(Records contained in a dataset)

-=-=-=-=-

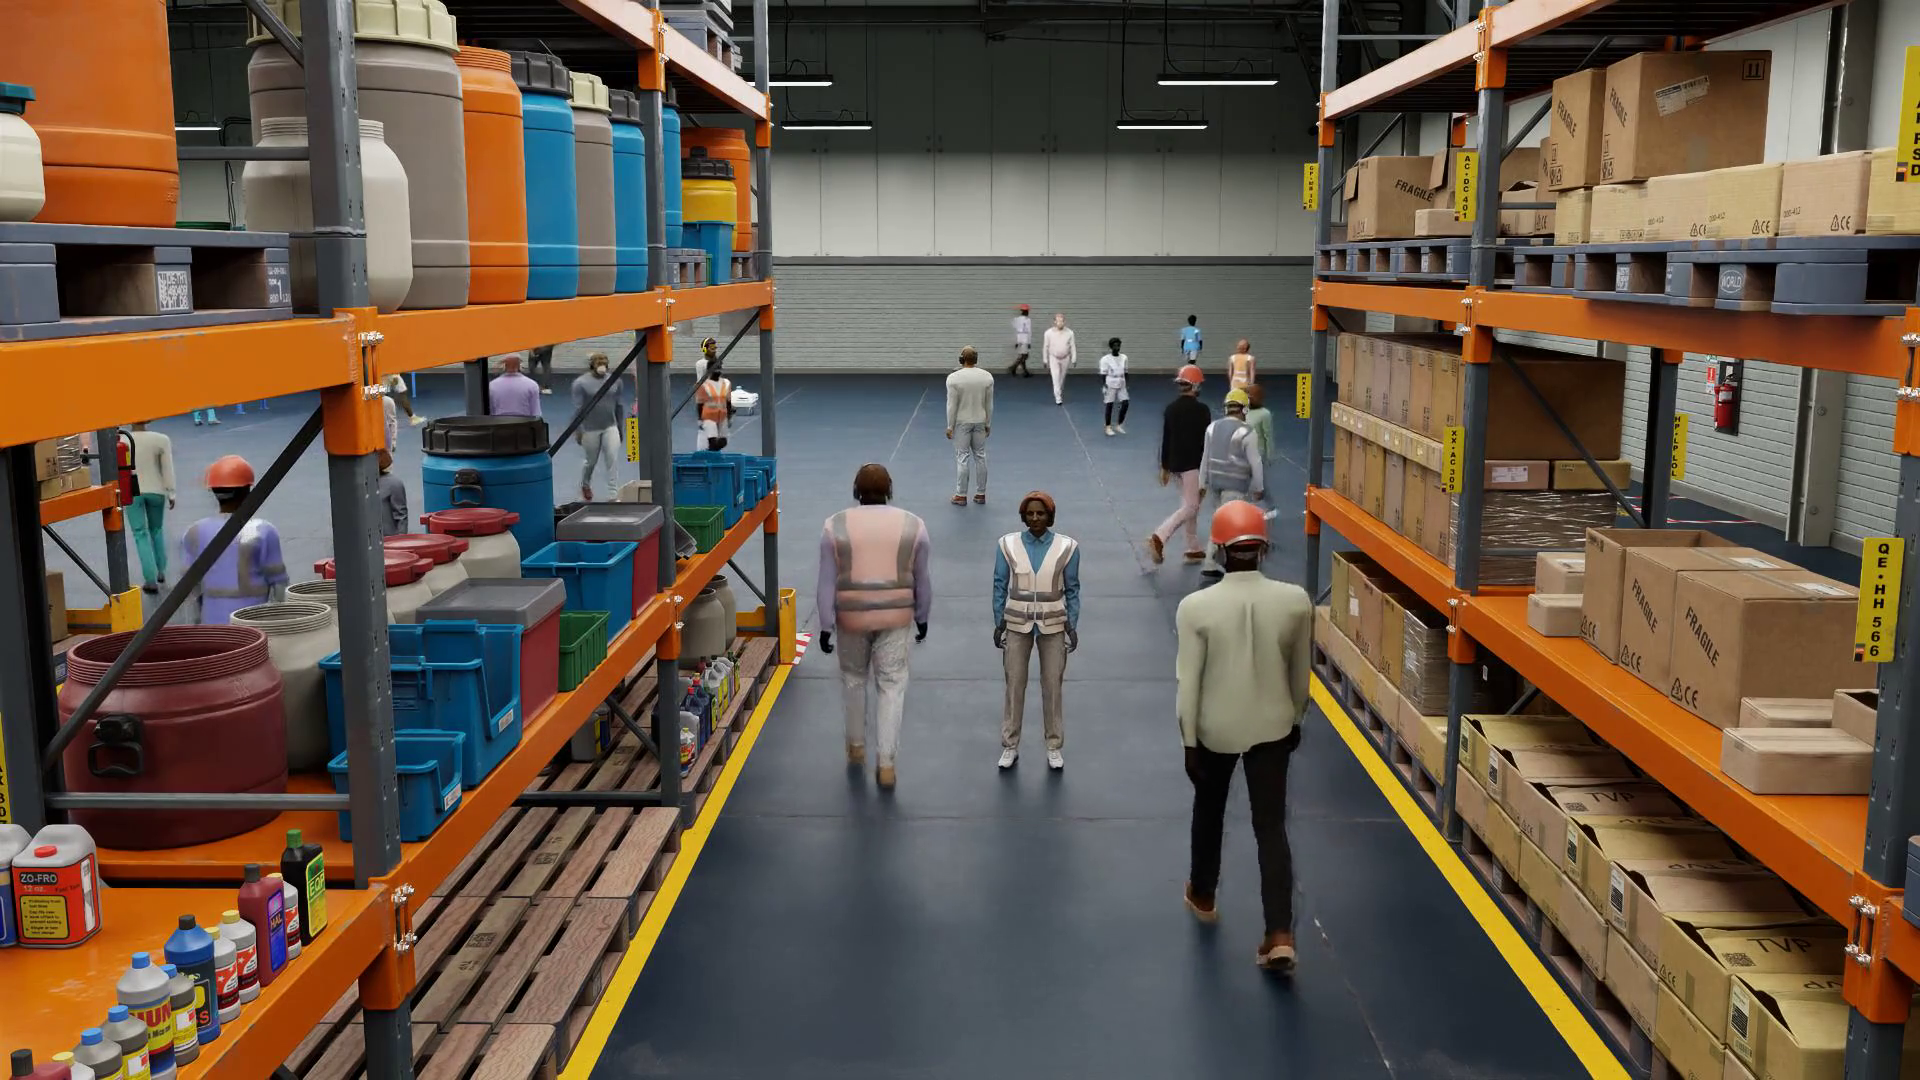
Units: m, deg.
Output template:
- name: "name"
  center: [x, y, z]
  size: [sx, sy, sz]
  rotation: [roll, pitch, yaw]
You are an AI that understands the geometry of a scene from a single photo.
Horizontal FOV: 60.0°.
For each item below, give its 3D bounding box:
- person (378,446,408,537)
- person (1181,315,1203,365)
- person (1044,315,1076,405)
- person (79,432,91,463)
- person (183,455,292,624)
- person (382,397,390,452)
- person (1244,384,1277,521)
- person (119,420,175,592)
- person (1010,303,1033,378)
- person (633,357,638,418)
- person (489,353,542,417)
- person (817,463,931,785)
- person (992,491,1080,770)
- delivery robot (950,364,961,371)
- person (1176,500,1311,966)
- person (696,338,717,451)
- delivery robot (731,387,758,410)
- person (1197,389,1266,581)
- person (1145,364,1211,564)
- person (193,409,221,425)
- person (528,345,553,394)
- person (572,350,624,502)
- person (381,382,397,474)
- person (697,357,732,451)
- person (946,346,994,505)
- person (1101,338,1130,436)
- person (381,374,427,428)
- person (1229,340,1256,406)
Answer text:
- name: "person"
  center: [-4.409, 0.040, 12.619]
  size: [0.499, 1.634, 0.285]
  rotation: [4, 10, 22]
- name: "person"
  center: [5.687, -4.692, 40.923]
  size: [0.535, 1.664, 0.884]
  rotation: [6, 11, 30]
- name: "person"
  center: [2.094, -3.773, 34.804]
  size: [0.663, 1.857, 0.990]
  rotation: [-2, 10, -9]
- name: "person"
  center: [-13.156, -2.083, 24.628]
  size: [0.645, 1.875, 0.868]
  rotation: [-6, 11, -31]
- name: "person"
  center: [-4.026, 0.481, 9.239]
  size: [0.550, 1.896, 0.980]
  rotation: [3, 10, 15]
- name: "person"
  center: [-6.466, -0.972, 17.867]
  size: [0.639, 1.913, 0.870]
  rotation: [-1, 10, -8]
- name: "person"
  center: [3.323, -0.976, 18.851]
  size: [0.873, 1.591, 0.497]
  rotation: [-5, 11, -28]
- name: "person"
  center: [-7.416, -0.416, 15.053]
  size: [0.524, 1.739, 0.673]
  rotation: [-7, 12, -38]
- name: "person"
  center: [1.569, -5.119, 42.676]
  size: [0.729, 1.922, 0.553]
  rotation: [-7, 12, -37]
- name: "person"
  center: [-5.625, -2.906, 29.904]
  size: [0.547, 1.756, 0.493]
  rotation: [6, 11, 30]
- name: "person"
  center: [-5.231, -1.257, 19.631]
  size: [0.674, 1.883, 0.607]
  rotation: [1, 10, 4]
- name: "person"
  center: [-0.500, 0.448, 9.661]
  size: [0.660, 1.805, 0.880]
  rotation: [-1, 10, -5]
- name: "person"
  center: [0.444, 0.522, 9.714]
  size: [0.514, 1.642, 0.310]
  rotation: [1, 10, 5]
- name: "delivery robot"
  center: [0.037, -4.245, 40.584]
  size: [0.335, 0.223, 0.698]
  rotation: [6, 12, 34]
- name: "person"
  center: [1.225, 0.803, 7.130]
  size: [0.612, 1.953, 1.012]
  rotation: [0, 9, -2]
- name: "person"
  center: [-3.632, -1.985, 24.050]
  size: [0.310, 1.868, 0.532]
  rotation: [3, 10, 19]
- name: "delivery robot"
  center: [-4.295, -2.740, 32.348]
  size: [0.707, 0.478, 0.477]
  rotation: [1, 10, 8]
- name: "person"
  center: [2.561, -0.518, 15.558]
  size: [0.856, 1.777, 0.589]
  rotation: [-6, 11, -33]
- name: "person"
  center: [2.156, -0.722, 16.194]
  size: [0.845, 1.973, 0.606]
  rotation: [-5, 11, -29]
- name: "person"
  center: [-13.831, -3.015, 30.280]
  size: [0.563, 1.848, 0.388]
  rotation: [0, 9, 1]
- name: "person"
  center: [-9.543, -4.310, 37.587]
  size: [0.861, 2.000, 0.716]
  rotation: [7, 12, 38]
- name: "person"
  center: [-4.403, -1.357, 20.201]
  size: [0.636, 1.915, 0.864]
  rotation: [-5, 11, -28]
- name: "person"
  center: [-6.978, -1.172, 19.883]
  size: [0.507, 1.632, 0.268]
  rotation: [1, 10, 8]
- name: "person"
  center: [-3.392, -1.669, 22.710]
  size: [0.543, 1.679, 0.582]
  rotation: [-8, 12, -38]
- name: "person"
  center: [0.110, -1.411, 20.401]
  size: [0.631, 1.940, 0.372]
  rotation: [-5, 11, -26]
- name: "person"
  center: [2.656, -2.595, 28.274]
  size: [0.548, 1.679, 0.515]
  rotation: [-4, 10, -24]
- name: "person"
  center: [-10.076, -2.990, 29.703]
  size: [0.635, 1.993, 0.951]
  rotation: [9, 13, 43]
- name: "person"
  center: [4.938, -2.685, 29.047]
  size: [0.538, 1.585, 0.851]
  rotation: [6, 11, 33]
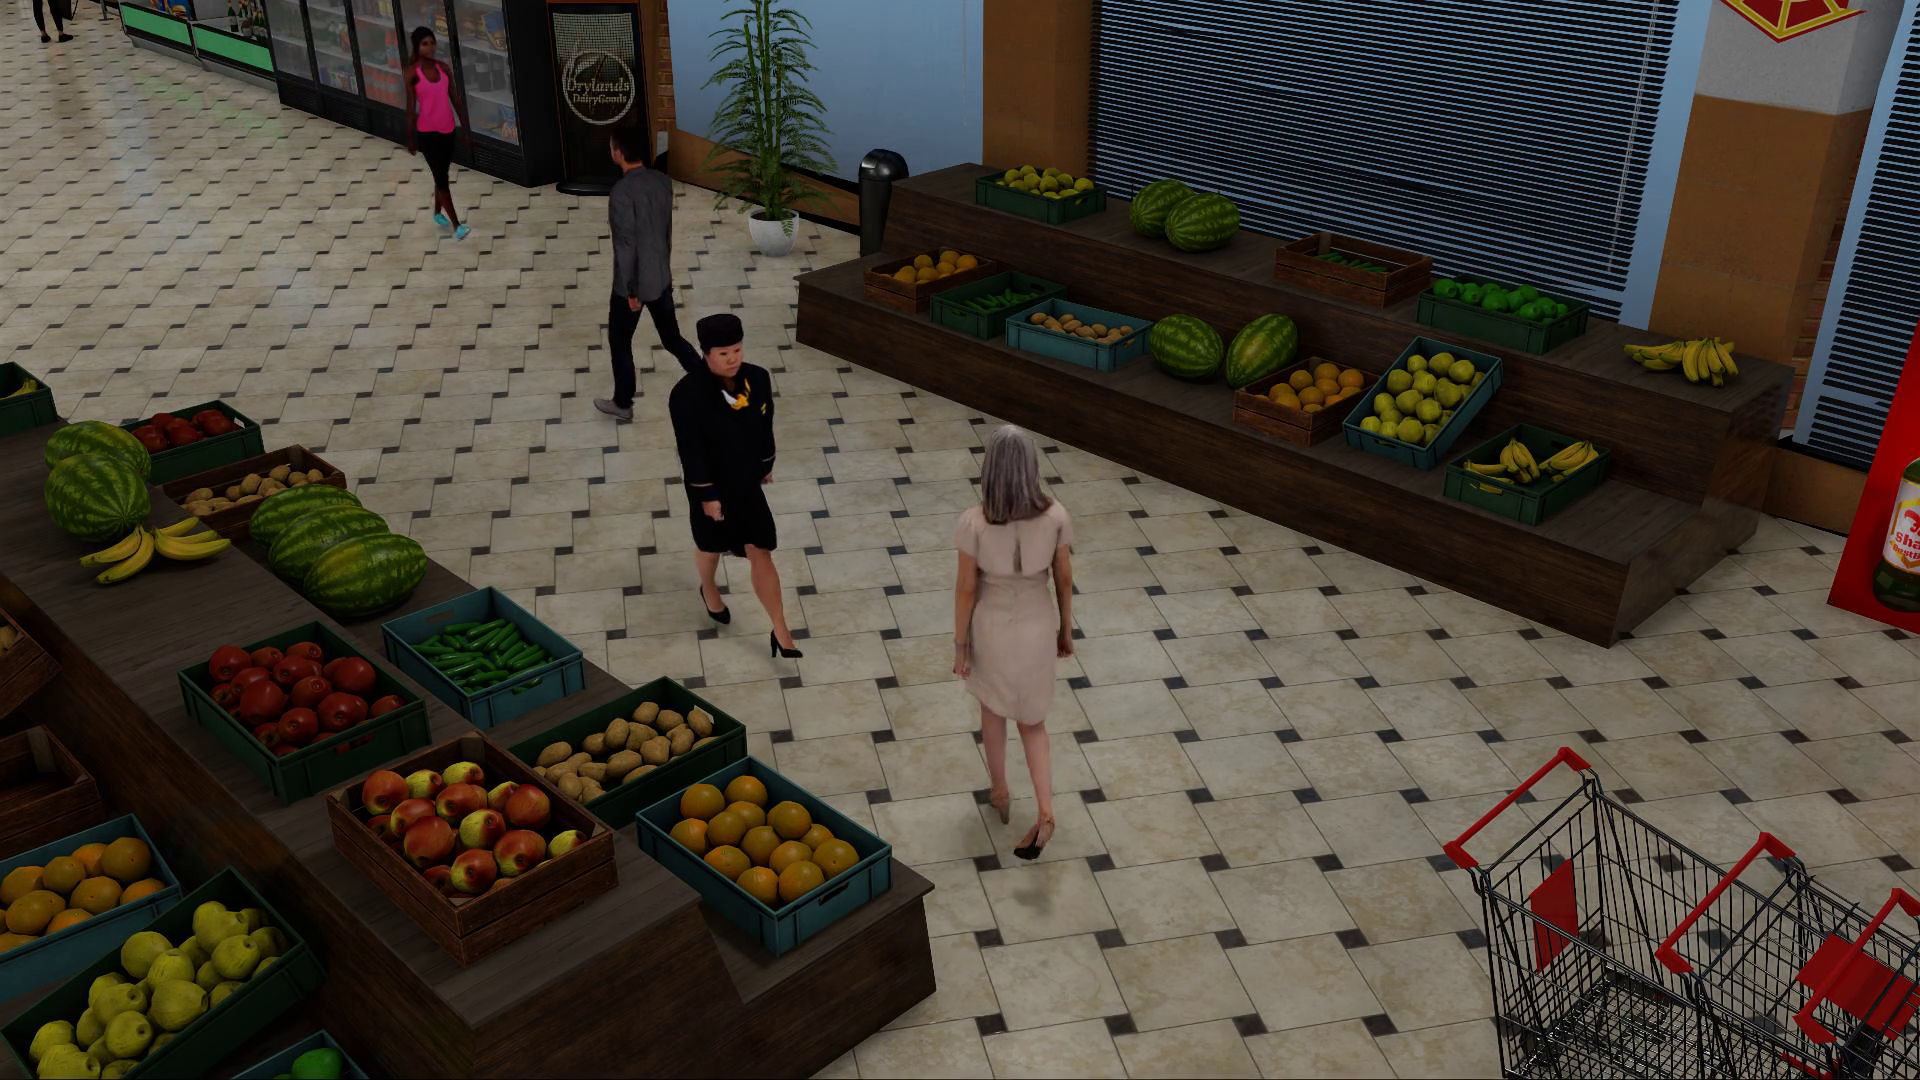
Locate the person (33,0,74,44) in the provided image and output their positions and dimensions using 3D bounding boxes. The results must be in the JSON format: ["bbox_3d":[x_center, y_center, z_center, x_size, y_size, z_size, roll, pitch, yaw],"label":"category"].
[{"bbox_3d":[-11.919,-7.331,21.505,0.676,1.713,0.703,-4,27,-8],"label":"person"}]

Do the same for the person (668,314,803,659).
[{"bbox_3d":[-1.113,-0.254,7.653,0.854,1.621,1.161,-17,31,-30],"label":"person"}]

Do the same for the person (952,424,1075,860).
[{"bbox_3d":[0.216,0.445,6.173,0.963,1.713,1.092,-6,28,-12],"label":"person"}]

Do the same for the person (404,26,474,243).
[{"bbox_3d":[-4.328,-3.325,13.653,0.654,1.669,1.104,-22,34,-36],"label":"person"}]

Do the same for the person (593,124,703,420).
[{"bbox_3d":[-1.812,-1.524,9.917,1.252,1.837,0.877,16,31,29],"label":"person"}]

-=-=-=-=-

Start with the line above that contains "center: [x, y, z]" and stop after the line that contains "- person (946,346,994,505)". Output those lines exactly, and only those.

_EXPECTED ANSWER_:
  center: [x, y, z]
  size: [sx, sy, sz]
  rotation: [roll, pitch, yaw]
You are an AI that understands the geometry of a scene from a single photo.
Horizontal FOV: 60.0°.
For each item below, give its 3D bounding box:
- person (378,446,408,537)
- person (1181,315,1203,365)
- person (1044,315,1076,405)
- person (79,432,91,463)
- person (183,455,292,624)
- person (382,397,390,452)
- person (1244,384,1277,521)
- person (119,420,175,592)
- person (1010,303,1033,378)
- person (633,357,638,418)
- person (489,353,542,417)
- person (817,463,931,785)
- person (992,491,1080,770)
- delivery robot (950,364,961,371)
- person (1176,500,1311,966)
- person (696,338,717,451)
- delivery robot (731,387,758,410)
- person (1197,389,1266,581)
- person (1145,364,1211,564)
- person (193,409,221,425)
- person (528,345,553,394)
- person (572,350,624,502)
- person (381,382,397,474)
- person (697,357,732,451)
- person (946,346,994,505)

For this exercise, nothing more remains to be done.